### Exercise
Here, set down only the lines between the line that contains "7. structure [709,463,777,555]" and the final line of the material, both included, exactly as written. Skip the pictures.

### Listed entries
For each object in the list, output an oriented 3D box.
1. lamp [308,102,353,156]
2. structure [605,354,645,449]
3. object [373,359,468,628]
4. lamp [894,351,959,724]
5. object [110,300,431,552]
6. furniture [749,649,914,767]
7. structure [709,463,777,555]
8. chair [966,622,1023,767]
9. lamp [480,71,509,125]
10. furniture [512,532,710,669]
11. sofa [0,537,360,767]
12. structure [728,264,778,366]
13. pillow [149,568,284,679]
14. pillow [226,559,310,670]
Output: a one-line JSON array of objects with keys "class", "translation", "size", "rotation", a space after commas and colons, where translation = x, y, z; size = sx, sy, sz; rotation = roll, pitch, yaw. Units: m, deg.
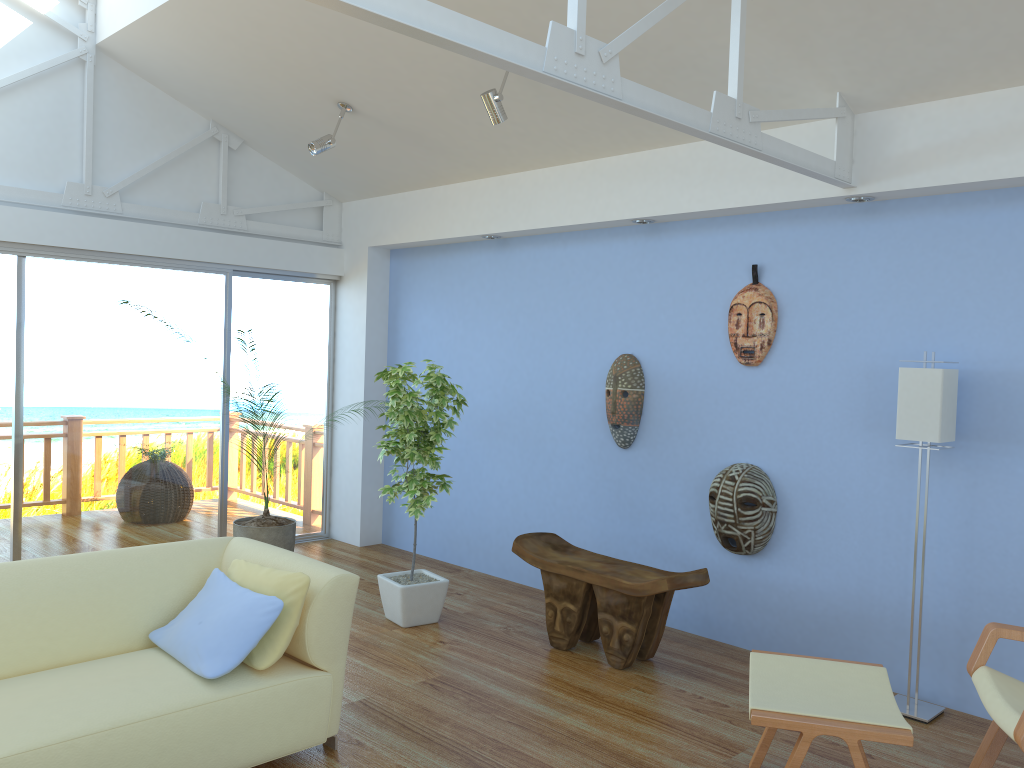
[{"class": "lamp", "translation": [-1.065, -1.485, 5.185], "size": [0.254, 0.327, 0.118], "rotation": [1, 2, -27]}, {"class": "structure", "translation": [0.607, 0.099, 4.989], "size": [0.115, 0.541, 0.254], "rotation": [0, 3, -45]}, {"class": "object", "translation": [-0.497, 0.573, 4.732], "size": [0.495, 1.409, 0.699], "rotation": [2, 2, -2]}, {"class": "lamp", "translation": [1.717, 0.624, 3.724], "size": [0.200, 1.520, 0.200], "rotation": [0, 3, -45]}, {"class": "object", "translation": [-1.406, 0.375, 5.458], "size": [1.563, 1.695, 1.706], "rotation": [3, 2, 36]}, {"class": "furniture", "translation": [0.985, 1.176, 2.839], "size": [0.449, 0.427, 0.619], "rotation": [2, 2, 15]}, {"class": "structure", "translation": [1.115, 0.634, 4.427], "size": [0.185, 0.466, 0.359], "rotation": [0, 3, -45]}, {"class": "chair", "translation": [1.862, 0.936, 2.595], "size": [0.859, 0.982, 0.632], "rotation": [2, 2, 15]}, {"class": "lamp", "translation": [-0.056, -1.408, 4.211], "size": [0.195, 0.351, 0.127], "rotation": [1, 2, -27]}, {"class": "furniture", "translation": [0.445, 1.068, 4.350], "size": [0.329, 0.507, 1.100], "rotation": [0, 3, -44]}, {"class": "sofa", "translation": [-1.712, 0.946, 2.661], "size": [2.448, 0.597, 0.950], "rotation": [0, 3, -45]}, {"class": "structure", "translation": [1.194, -0.343, 4.435], "size": [0.063, 0.508, 0.264], "rotation": [0, 3, -45]}, {"class": "pillow", "translation": [-1.056, 0.836, 3.118], "size": [0.272, 0.244, 0.566], "rotation": [0, 3, -42]}, {"class": "pillow", "translation": [-0.958, 0.800, 3.196], "size": [0.201, 0.311, 0.559], "rotation": [0, 3, -45]}]

### Solution for this task
7. structure [709,463,777,555]
8. chair [966,622,1023,767]
9. lamp [480,71,509,125]
10. furniture [512,532,710,669]
11. sofa [0,537,360,767]
12. structure [728,264,778,366]
13. pillow [149,568,284,679]
14. pillow [226,559,310,670]
Output: a one-line JSON array of objects with keys "class", "translation", "size", "rotation", a space after commas and colons, where translation = x, y, z; size = sx, sy, sz; rotation = roll, pitch, yaw. Units: m, deg.
[{"class": "lamp", "translation": [-1.065, -1.485, 5.185], "size": [0.254, 0.327, 0.118], "rotation": [1, 2, -27]}, {"class": "structure", "translation": [0.607, 0.099, 4.989], "size": [0.115, 0.541, 0.254], "rotation": [0, 3, -45]}, {"class": "object", "translation": [-0.497, 0.573, 4.732], "size": [0.495, 1.409, 0.699], "rotation": [2, 2, -2]}, {"class": "lamp", "translation": [1.717, 0.624, 3.724], "size": [0.200, 1.520, 0.200], "rotation": [0, 3, -45]}, {"class": "object", "translation": [-1.406, 0.375, 5.458], "size": [1.563, 1.695, 1.706], "rotation": [3, 2, 36]}, {"class": "furniture", "translation": [0.985, 1.176, 2.839], "size": [0.449, 0.427, 0.619], "rotation": [2, 2, 15]}, {"class": "structure", "translation": [1.115, 0.634, 4.427], "size": [0.185, 0.466, 0.359], "rotation": [0, 3, -45]}, {"class": "chair", "translation": [1.862, 0.936, 2.595], "size": [0.859, 0.982, 0.632], "rotation": [2, 2, 15]}, {"class": "lamp", "translation": [-0.056, -1.408, 4.211], "size": [0.195, 0.351, 0.127], "rotation": [1, 2, -27]}, {"class": "furniture", "translation": [0.445, 1.068, 4.350], "size": [0.329, 0.507, 1.100], "rotation": [0, 3, -44]}, {"class": "sofa", "translation": [-1.712, 0.946, 2.661], "size": [2.448, 0.597, 0.950], "rotation": [0, 3, -45]}, {"class": "structure", "translation": [1.194, -0.343, 4.435], "size": [0.063, 0.508, 0.264], "rotation": [0, 3, -45]}, {"class": "pillow", "translation": [-1.056, 0.836, 3.118], "size": [0.272, 0.244, 0.566], "rotation": [0, 3, -42]}, {"class": "pillow", "translation": [-0.958, 0.800, 3.196], "size": [0.201, 0.311, 0.559], "rotation": [0, 3, -45]}]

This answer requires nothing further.